Bennet has done a yeoman’s job in getting Denver’s troubled school district headed in the right direction, both financially and academically.

While we think he’d be a strong choice for the nation, the prospect of losing him now, as DPS seems poised to realize gains from the difficult changes he has made, is not something we relish.

The choice for Education secretary has been set up as a decision between reformers and traditionalists.

Reformers, the conventional wisdom goes, want big change and favor such things as merit pay and charter schools. Traditionalists are those more allied with teachers unions and want to trim back standardized testing.

During the presidential campaign, Barack Obama walked a fine line between those camps, nodding to some concerns from each but committing fully to neither’s agenda.

It’s probably not a coincidence that Bennet seems cut from the same cloth. In his three years leading DPS, Bennet has at times butted heads with the teachers union but has found a productive way to work with them.

A prime example is this past summer’s renegotiation of ProComp, the district’s pay-for-performance plan.

In the weeks leading up to the Democratic National Convention, the district seemed headed for a job action by the union, which took issue with Bennet’s proposed ProComp restructuring.

The changes were the right thing for the district. Bennet wanted to frontload the salary scale so salaries for newer teachers would compare favorably to those in neighboring districts.

It was an effort to slow the brain drain DPS experiences as teachers with four or six years of teaching head to the suburbs to make more money. The union balked, and there were sickouts and even talk of a strike. In the end, the union got something it wanted — more teacher planning time — and Bennet got the salary structure to best serve students.

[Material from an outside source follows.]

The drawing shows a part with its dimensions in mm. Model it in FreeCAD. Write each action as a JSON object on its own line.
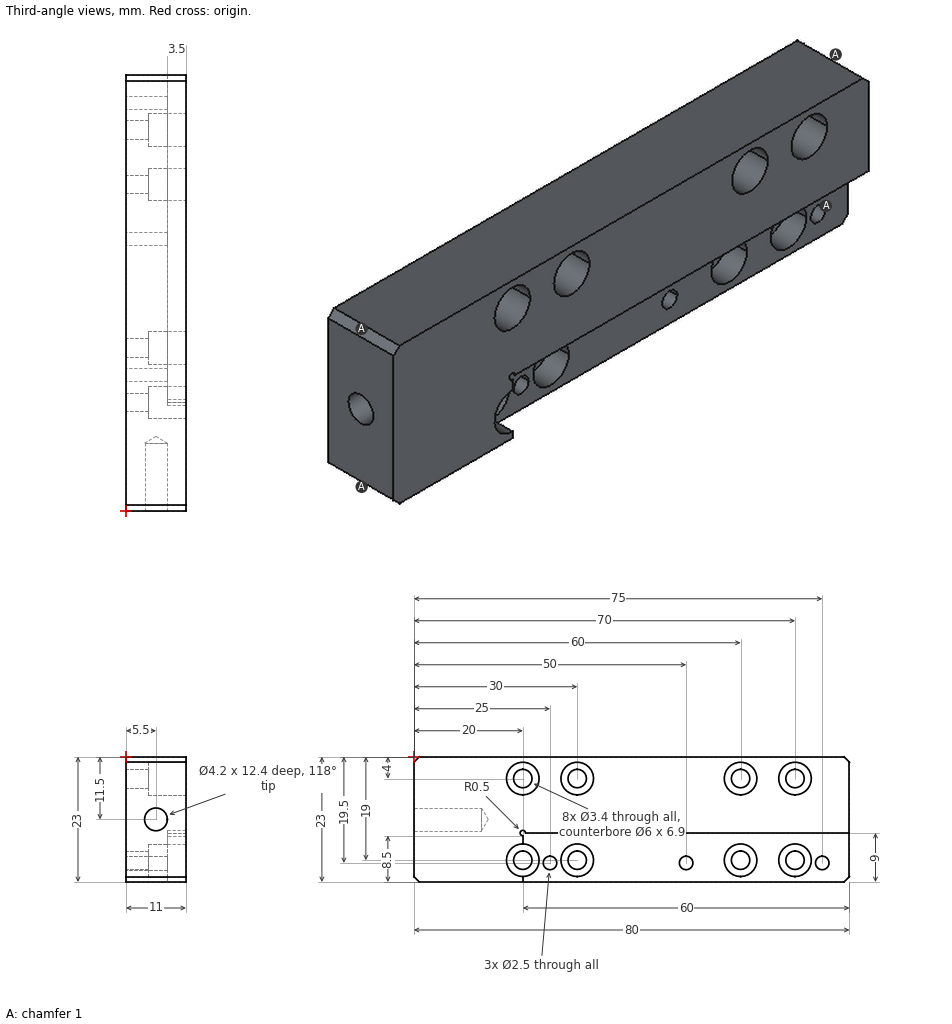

There are other examples and accomplishments, but this one serves to illustrate Bennet’s willingness to take heat — how embarrassing would it have been for DPS teachers to be on strike during the DNC? — yet stick to his principles.

We wrote an editorial Monday about the type of Education secretary the country needs. Bennet fits that mold.

The Yale-educated lawyer with a self-effacing way about him has proven his mettle in a variety of forums, including as a deal-maker for multimillionaire Phil Anschutz and chief of staff to Mayor John Hickenlooper.

We wish Bennet well, all the while knowing it would be a loss for Denver schools if he’s chosen.